“A hair hygrometer,” he said to me, waving his wax-like hand over it. “The indications are obtained from the expansion and contraction of a prepared human hair, transferred to an index needle traversing the divided arc of—”
“What oil do you put on the human hair Jode?” called out the Governor, who had left our group, and was gamboling about by himself among the tubes and dials. “What will this one do?” he asked, and poked at a wet paper disc. But before the courteous Jode could explain that it had to do with evaporation and the dew-point, the Governor’s attention wandered, and he was blowing at a little fan-wheel. This instantly revolved and set a number of dial hands going different ways. “Hi!” said the Governor, delighted. “Seen ’em like that down mines. Register air velocity in feet. Put it away, Jode. You don’t want that to-morrow. What you’ll need, Hilbrun says, is a big old rain-gauge and rubber shoes.”

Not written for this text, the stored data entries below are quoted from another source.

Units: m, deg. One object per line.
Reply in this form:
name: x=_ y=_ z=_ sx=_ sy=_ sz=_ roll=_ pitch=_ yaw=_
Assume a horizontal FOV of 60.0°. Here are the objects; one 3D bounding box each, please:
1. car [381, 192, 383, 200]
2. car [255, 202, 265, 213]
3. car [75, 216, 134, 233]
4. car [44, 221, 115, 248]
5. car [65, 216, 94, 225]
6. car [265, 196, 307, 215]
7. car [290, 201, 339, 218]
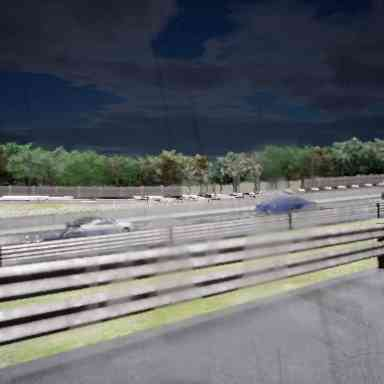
car: x=30.256 y=0.344 z=49.331 sx=4.892 sy=1.490 sz=1.837 roll=-4 pitch=2 yaw=-23
car: x=10.054 y=1.754 z=40.601 sx=5.008 sy=1.535 sz=1.882 roll=-4 pitch=2 yaw=-23
car: x=-7.504 y=3.105 z=29.201 sx=4.674 sy=1.442 sz=1.812 roll=-4 pitch=2 yaw=-23
car: x=-8.556 y=3.331 z=24.935 sx=4.718 sy=1.301 sz=1.895 roll=-4 pitch=2 yaw=-23
car: x=-9.730 y=3.091 z=32.052 sx=4.892 sy=1.490 sz=1.837 roll=-4 pitch=2 yaw=-23
car: x=11.457 y=1.509 z=37.392 sx=5.566 sy=2.045 sz=2.150 roll=-4 pitch=2 yaw=-23
car: x=12.857 y=1.930 z=34.188 sx=4.718 sy=1.301 sz=1.895 roll=-4 pitch=2 yaw=-23
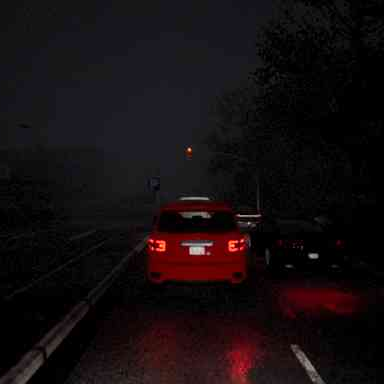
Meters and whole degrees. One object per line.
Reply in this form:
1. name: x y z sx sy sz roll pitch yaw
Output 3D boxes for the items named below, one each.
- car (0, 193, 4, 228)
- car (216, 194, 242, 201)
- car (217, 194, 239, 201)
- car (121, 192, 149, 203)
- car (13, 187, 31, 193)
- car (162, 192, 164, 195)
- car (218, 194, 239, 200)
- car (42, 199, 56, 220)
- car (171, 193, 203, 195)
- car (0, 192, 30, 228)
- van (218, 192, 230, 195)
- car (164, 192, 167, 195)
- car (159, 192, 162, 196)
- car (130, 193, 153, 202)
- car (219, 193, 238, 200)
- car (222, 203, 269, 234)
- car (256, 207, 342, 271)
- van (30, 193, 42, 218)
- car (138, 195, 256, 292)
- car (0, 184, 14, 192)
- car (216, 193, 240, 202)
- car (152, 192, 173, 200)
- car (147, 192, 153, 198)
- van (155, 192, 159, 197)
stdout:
1. car: -13.816 1.259 18.197 5.566 2.045 2.435 -1 0 -20
2. car: 8.102 1.247 73.642 5.366 1.575 1.946 1 0 -13
3. car: 8.609 1.282 79.482 4.674 1.452 2.002 1 0 -13
4. car: -11.533 1.343 65.057 4.792 1.488 2.163 -1 0 -15
5. car: -28.241 0.124 55.902 2.002 1.452 4.674 6 -3 -19
6. car: -9.750 1.341 80.010 4.674 1.452 2.002 -1 0 -13
7. car: 8.978 1.278 82.420 4.674 1.452 2.002 1 0 -12
8. car: -13.664 1.398 27.248 4.553 1.767 2.185 -1 0 -19
9. car: 0.128 1.242 19.445 2.150 2.045 5.566 0 0 0
10. car: -13.747 1.263 21.234 5.566 2.045 2.435 -1 0 -20
11. van: 7.190 1.027 67.678 4.442 1.987 1.878 1 0 -14
12. car: -9.382 1.340 83.012 4.674 1.452 2.002 -1 0 -13
13. car: -10.118 1.304 77.014 4.892 1.521 2.231 -1 0 -14
14. car: -10.803 1.180 71.002 4.553 1.767 2.185 -1 0 -14
15. car: 9.341 1.109 85.350 4.553 1.767 2.185 1 0 -12
16. car: 3.139 1.513 20.538 2.128 1.511 4.902 0 0 0
17. car: 3.097 1.486 10.961 1.882 1.535 5.008 0 0 0
18. van: -13.635 1.292 24.270 4.442 1.987 1.878 -1 0 -20
19. car: 0.092 1.228 9.087 2.150 2.045 5.566 0 0 0
20. car: -31.236 -0.438 55.958 2.435 2.045 5.566 6 -3 -19
21. car: 7.570 1.125 70.648 4.553 1.767 2.185 1 0 -14
22. car: -8.129 1.043 92.002 5.566 2.045 2.435 -1 0 -12
23. car: -10.893 1.300 68.050 5.366 1.575 1.946 -1 0 -15
24. van: -10.342 1.076 74.043 4.442 1.987 1.878 -1 0 -14
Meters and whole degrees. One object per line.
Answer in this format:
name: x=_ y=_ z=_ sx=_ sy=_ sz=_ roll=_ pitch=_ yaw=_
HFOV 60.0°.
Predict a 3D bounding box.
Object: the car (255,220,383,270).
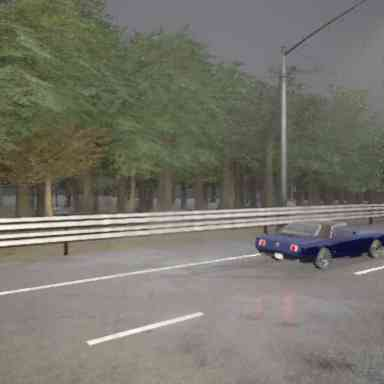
car: x=4.384 y=1.587 z=10.966 sx=4.718 sy=1.301 sz=1.895 roll=0 pitch=0 yaw=-34
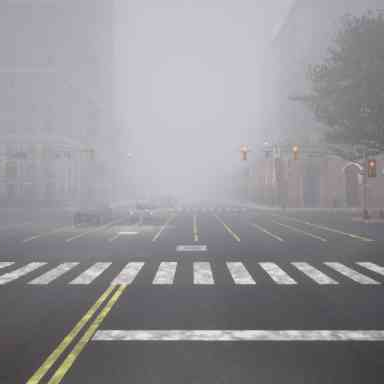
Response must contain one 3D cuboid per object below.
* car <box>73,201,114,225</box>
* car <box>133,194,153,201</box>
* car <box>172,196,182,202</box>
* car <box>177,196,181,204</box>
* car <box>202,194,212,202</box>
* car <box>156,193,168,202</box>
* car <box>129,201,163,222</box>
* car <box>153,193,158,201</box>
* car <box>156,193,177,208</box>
[{"bbox_3d":[-7.140,1.477,24.530,1.882,1.535,5.008,0,0,0],"label":"car"},{"bbox_3d":[-7.173,1.352,47.062,2.097,1.767,4.553,0,0,0],"label":"car"},{"bbox_3d":[-3.471,1.539,76.233,2.033,1.411,5.357,0,0,1],"label":"car"},{"bbox_3d":[-3.618,1.492,64.717,2.128,1.511,4.902,0,0,1],"label":"car"},{"bbox_3d":[3.548,1.355,78.333,2.097,1.767,4.553,0,0,1],"label":"car"},{"bbox_3d":[-6.957,1.225,77.811,2.150,2.045,5.566,0,0,1],"label":"car"},{"bbox_3d":[-3.641,1.601,26.060,1.895,1.301,4.718,0,0,0],"label":"car"},{"bbox_3d":[-7.069,1.225,67.104,2.150,2.045,5.566,0,0,1],"label":"car"},{"bbox_3d":[-3.481,1.352,46.515,2.097,1.767,4.553,0,0,-3],"label":"car"}]

“I shall require nothing of the sort, Governor,” Jode retorted at once. “And you can go to church without your umbrella in safety, sir. See there.” He pointed to a storm-glass, which was certainly as clear as crystal. “An old-fashioned test, you will doubtless say, gentlemen,” Jode continued—though none of us would have said anything like that—“but unjustly discredited; and, furthermore, its testimony is well corroborated, as you will find you must admit.” Jode’s voice was almost threatening, and he fetched one corroborator after another. I looked passively at wet and dry bulbs, at self-recording, dotted registers; I caught the fleeting sound of words like “meniscus” and “terrestrial minimum thermometer,” and I nodded punctually when Jode went through some calculation. At last I heard something that I could understand—a series of telegraphic replies to Jode from brother signal-service officers all over the United States. He read each one through from date of signature, and they all made any rain to-morrow entirely impossible. “And I tell you,” Jode concluded, in his high, egg-shell voice, “there’s no chance of precipitation now, sir. I tell you, sir,”—he was shrieking jubilantly— “there’s not a damn’ thing to precipitate!”